In my maiden speech to the house, I spoke of the importance of palliative care services in South Australia. The closure of the Repat will see the relocation of the Daw Park Hospice to a site yet unknown. Since 1988, the Daw Park Hospice has comforted and provided enhanced end-of-life care for thousands of South Australians. A relocation of the hospice from its relatively central location would be a poor public policy position to be taken by this government.
Professor Ian Maddock, Senior South Australian of the Year in 2013 and the first chair of palliative care at Flinders University, said of the Daw Park Hospice on ABC radio recently:
Daw House is an icon in terms of palliative care, it's been a centre of excellence, it's been a centre for international training, it's put through thousands of postgraduate students…because it's a complex, it's not just a set of hospice beds, it's a complex of both research and education as well as care.

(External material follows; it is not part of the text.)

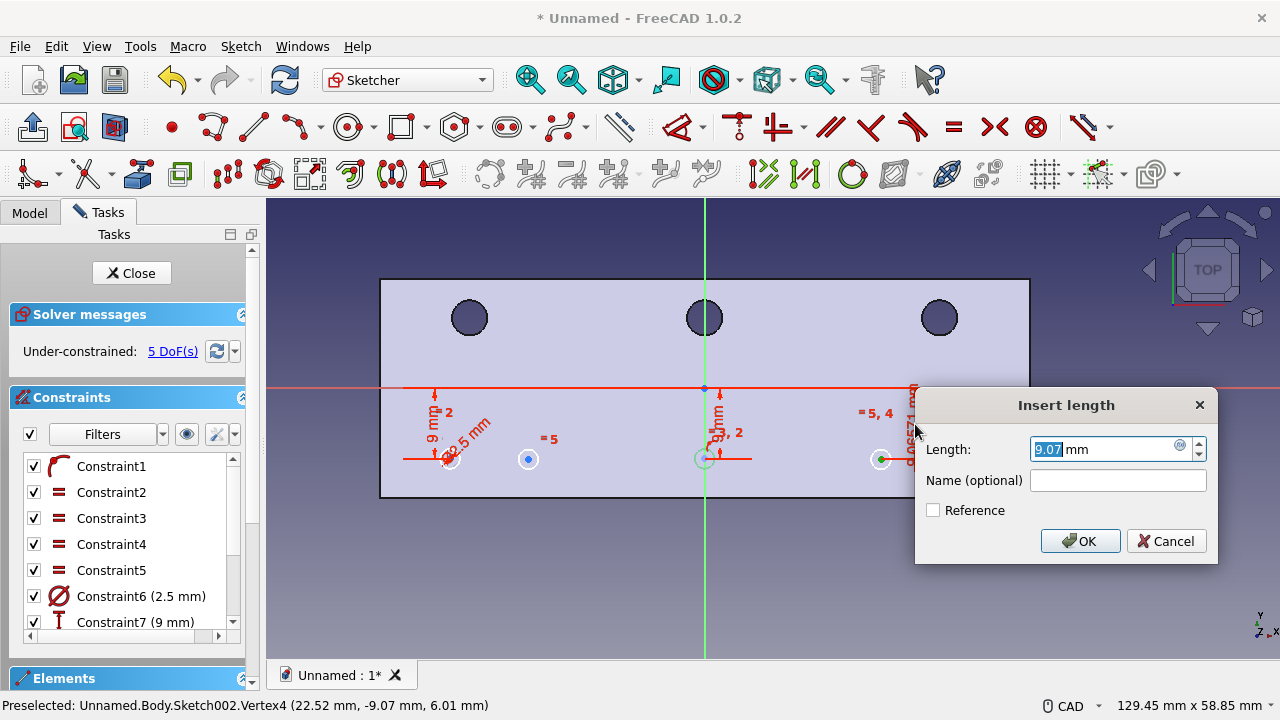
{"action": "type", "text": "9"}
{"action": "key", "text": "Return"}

As I have already stated, many veterans from the Davenport community have contacted me in regard to the closure of the Repat. The Repat over many years has not just healed many of the physical scars of our veterans, but many of the emotional scars as well. Years ago, on 10 March 1995, ministers both Liberal and Labor, both federal and state, signed on behalf of government what in essence was a pledge to preserve the Repat. This commitment has now been broken by the government opposite.
The closure of the Repat is nothing more than a land grab by this debt-ridden government. Dr Patricia Montanaro, state president of the AMA, on Radio FIVEaa said yesterday, in regard to Transforming Health and the closure of the Repat:
…because this plan has no detail it's still bad…we are getting some of the statistics out but not any of the business case, so this is a real estate deal around closing off the Repat and closing off Hampstead Hospital and we have no assurance that the services—because the services are not just the service, they're the sum of the service; they are the training.
This government should be listening to our community, our veterans, the AMA, our clinicians, the thousands of South Australians who have pledged their support to the Repat. This Labor government should be condemned for its decision to close our iconic community hospital.